This story was corrected on April 2, 2013. An explanation follows the story.
After emotional and sometimes tearful testimony on Thursday, Zakaria Oweiss, a Potomac doctor convicted 10 years ago of bludgeoning his wife to death, lost his appeal to get out of prison early.
“The sentence in this case fits the crime,” said Judge Michael Pincus, who was the judge at the original trial in 2003, when Oweiss was convicted of second-degree murder. “The motion for modification is denied.”
About 30 family members and friends attended the hearing at Montgomery County Circuit Court.
Under Maryland law, a judge can modify a prisoner’s sentence. Pincus originally sentenced Oweiss to 30 years, the maximum allowed and well beyond the 12 to 20 years recommended by sentencing guidelines.
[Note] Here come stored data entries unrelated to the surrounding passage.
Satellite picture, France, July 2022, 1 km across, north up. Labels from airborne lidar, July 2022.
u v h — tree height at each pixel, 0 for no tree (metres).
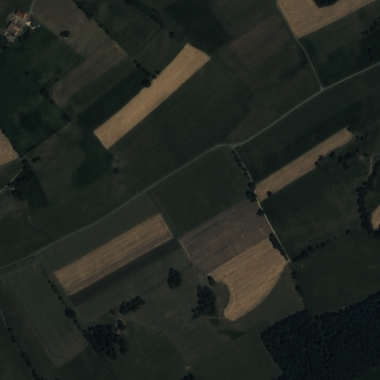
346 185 0
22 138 0
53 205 0
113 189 0
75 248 0
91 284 0
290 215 0
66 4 0
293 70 0
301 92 0
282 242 0
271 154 0
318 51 0
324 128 0
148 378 0
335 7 0
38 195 0
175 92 0
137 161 0
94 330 17
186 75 0
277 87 0
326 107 0
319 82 0
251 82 0
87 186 0
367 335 19
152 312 0
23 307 0
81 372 0
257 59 0
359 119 0
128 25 0
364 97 0
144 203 0
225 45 0
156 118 0
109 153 0
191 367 0
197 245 0
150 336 0
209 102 0
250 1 0
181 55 0
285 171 0
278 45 0
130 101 0
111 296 0
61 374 0
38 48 0
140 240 0
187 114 0
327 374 29
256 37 0
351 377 18
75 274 0
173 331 0
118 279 0
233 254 0
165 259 0
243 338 0
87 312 0
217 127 0
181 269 0
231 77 0
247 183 0
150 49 0
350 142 0
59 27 0
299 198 0
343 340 28
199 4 0
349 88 0
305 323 27
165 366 0
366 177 0
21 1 0
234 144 0
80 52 0
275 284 0
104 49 0
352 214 0
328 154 0
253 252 0
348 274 0
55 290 15
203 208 0
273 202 0
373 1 0
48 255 0
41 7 0
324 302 0
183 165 0
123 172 0
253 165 0
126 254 0
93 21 0
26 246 0
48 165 0
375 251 0
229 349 0
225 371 0
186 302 0
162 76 0
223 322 0
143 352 0
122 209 0
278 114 0
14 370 0
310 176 0
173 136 0
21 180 18
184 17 0
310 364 24
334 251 0
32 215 0
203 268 0
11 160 0
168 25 0
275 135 0
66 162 0
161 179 0
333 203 0
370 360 20
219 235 0
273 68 0
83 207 0
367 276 0
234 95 0
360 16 0
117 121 0
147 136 0
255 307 0
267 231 0
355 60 0
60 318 0
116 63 0
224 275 0
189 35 0
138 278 0
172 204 0
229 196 0
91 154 0
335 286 0
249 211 0
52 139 0
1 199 0
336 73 0
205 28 0
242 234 0
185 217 0
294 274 13
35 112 0
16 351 0
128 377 0
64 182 0
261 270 0
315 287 0
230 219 0
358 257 0
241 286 0
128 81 0
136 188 0
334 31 0
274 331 22
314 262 0
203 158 0
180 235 0
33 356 0
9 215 0
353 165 0
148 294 0
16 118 0
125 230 0
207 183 0
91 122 0
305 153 0
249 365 0
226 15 0
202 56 0
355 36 0
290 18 0
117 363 0
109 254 0
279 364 16
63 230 0
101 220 0
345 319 26
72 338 0
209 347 0
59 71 0
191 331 0
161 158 0
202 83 0
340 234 0
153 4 0
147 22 0
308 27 0
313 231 0
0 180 0
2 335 0
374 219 0
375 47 0
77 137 0
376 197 0
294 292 0
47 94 14
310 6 0
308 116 0
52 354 0
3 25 0
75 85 0
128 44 0
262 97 0
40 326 0
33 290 0
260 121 0
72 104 0
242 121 0
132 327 0
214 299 17
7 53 0
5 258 0
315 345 25
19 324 0
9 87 0
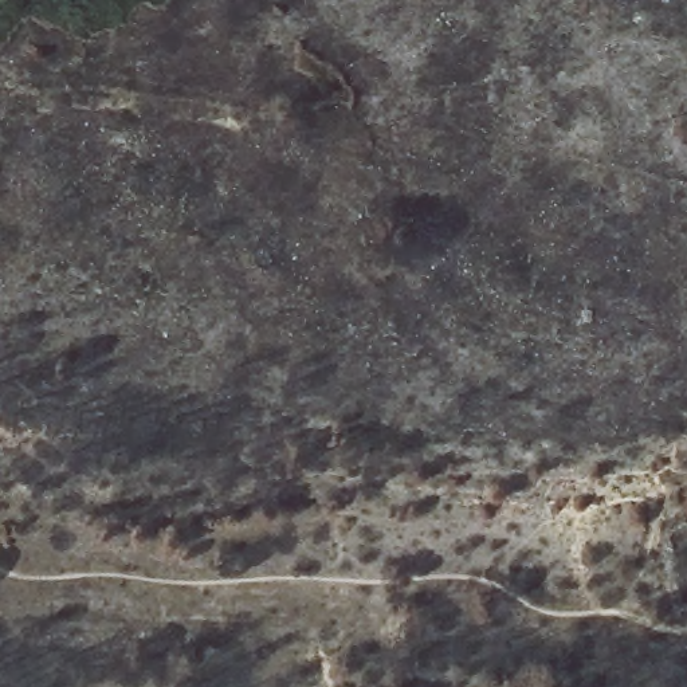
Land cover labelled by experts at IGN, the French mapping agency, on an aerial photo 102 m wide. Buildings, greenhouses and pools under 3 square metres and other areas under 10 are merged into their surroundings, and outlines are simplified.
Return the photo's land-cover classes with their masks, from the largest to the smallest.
<instances>
[{"label":"bare soil","instance_id":"1","mask_svg":"<svg viewBox=\"0 0 687 687\"><path fill-rule=\"evenodd\" d=\"M389 207H413L419 212L421 225L416 244L411 250H386L378 244L376 217ZM11 569L43 574L115 569L148 577L191 580L242 577L250 574V569H255L258 574H373L384 577L386 585L250 582L236 588H185L142 585L129 580L21 582L8 577ZM437 569L488 577L496 580L499 588L494 590L470 580H443L421 585V590L416 593H408V582L413 574H429ZM526 596L534 604L553 609H588L598 601L601 606H617L623 598H639V604L657 620L668 625H687V0H169L166 8L158 11L140 8L134 13H126L123 24L115 32L99 35L94 38V43H75L62 30H46L35 21H24L16 24L11 30V38L0 46V687H335L341 682L362 684L360 668L370 655H376L384 647L381 641L405 636L403 625L408 609H416L424 620H432L437 628V639L408 649V655L400 660V668L394 671L397 687H510L507 682L523 666H545L550 671L553 687H687V636L657 633L623 617H542L523 609L518 598Z\"/></svg>","mask_w":687,"mask_h":687},{"label":"pervious surface","instance_id":"2","mask_svg":"<svg viewBox=\"0 0 687 687\"><path fill-rule=\"evenodd\" d=\"M8 577L21 582L129 580L142 585L185 588H236L250 582L386 585L384 577L373 574H258L255 569H250V574L242 577L191 580L148 577L115 569L43 574L11 569ZM443 580H470L494 590L499 588L496 580L488 577L437 569L429 574H413L408 582V593H416L421 590V585ZM523 609L542 617H623L657 633L687 636V625H668L657 620L639 604V598H623L617 606H601L598 601L588 609H553L534 604L526 596L518 598Z\"/></svg>","mask_w":687,"mask_h":687},{"label":"herbaceous vegetation","instance_id":"3","mask_svg":"<svg viewBox=\"0 0 687 687\"><path fill-rule=\"evenodd\" d=\"M169 0H0V46L11 38V30L16 24L24 21H35L46 30H62L75 43H94V38L99 35L115 32L123 24L126 13H134L140 8L158 11L166 8ZM421 225L419 212L413 207H389L376 217L378 244L386 250H411L416 244Z\"/></svg>","mask_w":687,"mask_h":687},{"label":"coniferous trees","instance_id":"4","mask_svg":"<svg viewBox=\"0 0 687 687\"><path fill-rule=\"evenodd\" d=\"M405 636L381 641L384 647L376 655H370L360 668L362 684L341 682L335 687H397L394 671L400 668V660L408 655V649L437 639V628L432 620H424L416 609H408L403 625ZM510 687H553L550 671L545 666H523L507 682Z\"/></svg>","mask_w":687,"mask_h":687}]
</instances>

In Maryland, inmates are generally eligible for parole after they have served at least 50 percent of their sentence.
The courtroom, packed with the defendant’s friends and family, let out moans and gasps when the judge read the verdict.
“We are very pleased the judge upheld the verdict,” said Donna S. Fenton, the prosecutor for the state.
The physician made headlines in 2003 when he was accused of fatally striking his wife, Marianne, in the head with a rubber mallet. He was 58 at the time; she was 47. The seven blows were so severe, they fractured her skull and damaged her brain, said Pincus, who described the case as “particularly vicious and brutal.”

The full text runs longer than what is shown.